In conclusion I think that the best thing to do is to not set the fleet field, and create the membership explicitly instead (which looks like it still sets up the fleet field). I'll forward this to the service team to see if there are any documentation improvements we can make here to clarify how this is all supposed to play together.
The issue with "do not set the fleet field" is that then the cluster doesn't fully register correctly. I think you should restore the bug label. JMO.
@goobysnack could you elaborate on what "doesn't fully register correctly" means? How can you tell whether it's fully registered correctly?

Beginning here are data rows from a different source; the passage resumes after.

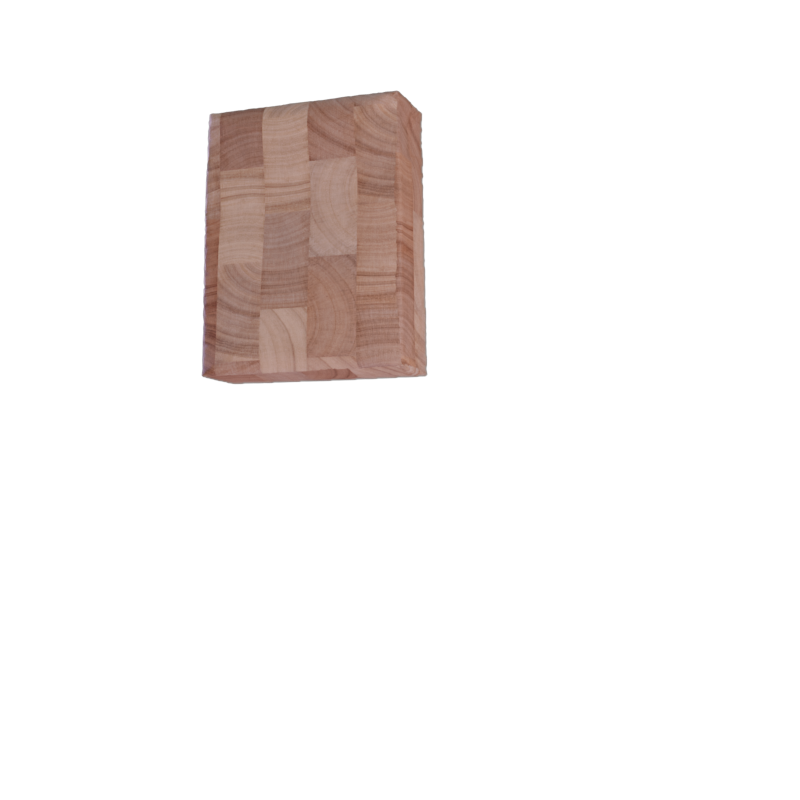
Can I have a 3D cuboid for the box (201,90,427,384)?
[{"bbox_3d":[-0.068,-0.123,0.863,0.168,0.220,0.068,-4,-11,19],"label":"box"}]
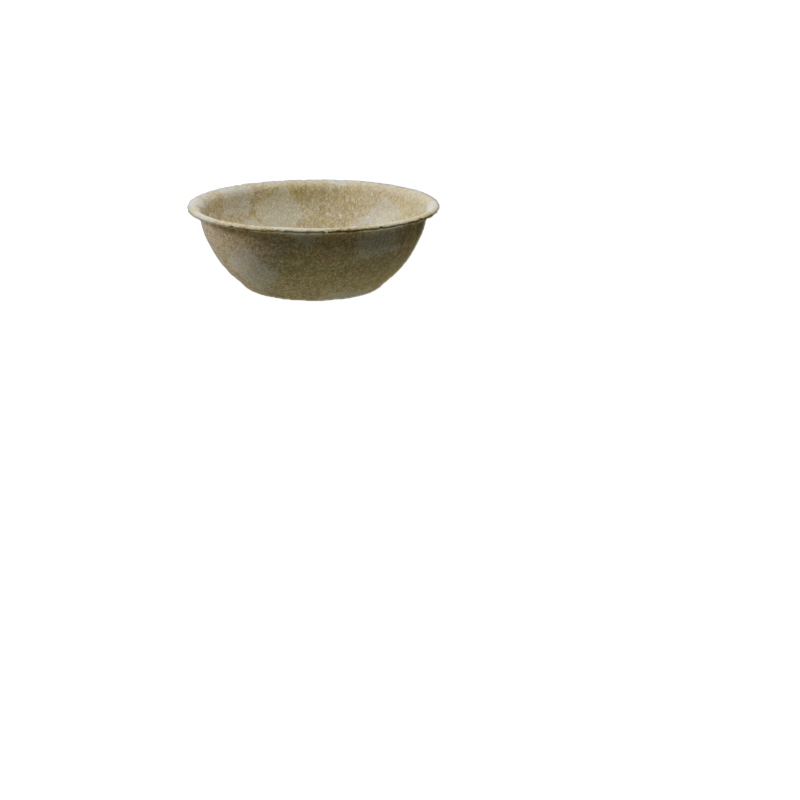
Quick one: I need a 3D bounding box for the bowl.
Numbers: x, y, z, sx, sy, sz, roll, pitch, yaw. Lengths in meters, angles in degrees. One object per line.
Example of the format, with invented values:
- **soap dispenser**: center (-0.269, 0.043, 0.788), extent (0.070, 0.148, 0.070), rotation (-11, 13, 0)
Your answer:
- **bowl**: center (-0.056, -0.103, 0.719), extent (0.162, 0.053, 0.169), rotation (-1, 20, -2)
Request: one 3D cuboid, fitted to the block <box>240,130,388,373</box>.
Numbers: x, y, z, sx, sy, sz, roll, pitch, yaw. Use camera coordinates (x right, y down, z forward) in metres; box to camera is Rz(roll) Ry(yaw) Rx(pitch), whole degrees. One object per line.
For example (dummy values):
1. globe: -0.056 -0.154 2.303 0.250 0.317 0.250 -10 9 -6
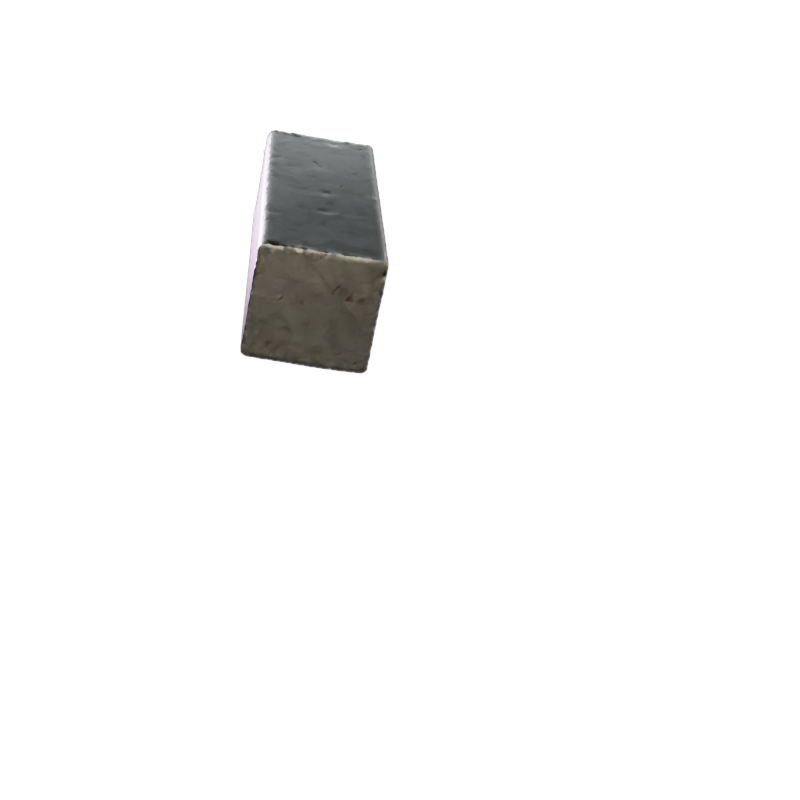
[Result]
1. block: -0.066 -0.119 0.832 0.089 0.086 0.219 8 31 -9

tentatively restoring the bug
label in the meantime.
@goobysnack could you elaborate on what "doesn't fully register correctly" means? How can you tell whether it's fully registered correctly?
Fair question - it's how we discovered this issue. In the GUI, the cluster doesn't show as registered. Under "Fleet" it shows the word (with link) "Register". I started looking at Google docs on how to register a fleet to see what I was missing, and found the registration moved from the hub resource to the cluster resource. When I added it to the cluster resource, this all happened. As a temp work around, I removed the fleet from the cluster resource, AND added a lifecycle rule for ignore changes for fleet...and clicked the "button". The Fleet API completed the registration. So, we have a functional work around, but it's not really automation if you have to clicky click. :D
FYI per google support in the ticket I created:
The product team responded stating that It looks like the Membership is stuck in a bad state in the database (not sure why but it could be due to a TF conflict, for example enabling GKE Enterprise vs google_gke_hub_membership module).
BTW, I think you hit the actual issue. It's not the fleet registration. That works. It's everything else that needs to reference the membership. The membership.id or membership_id doesn't match what's expected now that this isn't done via the hubAPI.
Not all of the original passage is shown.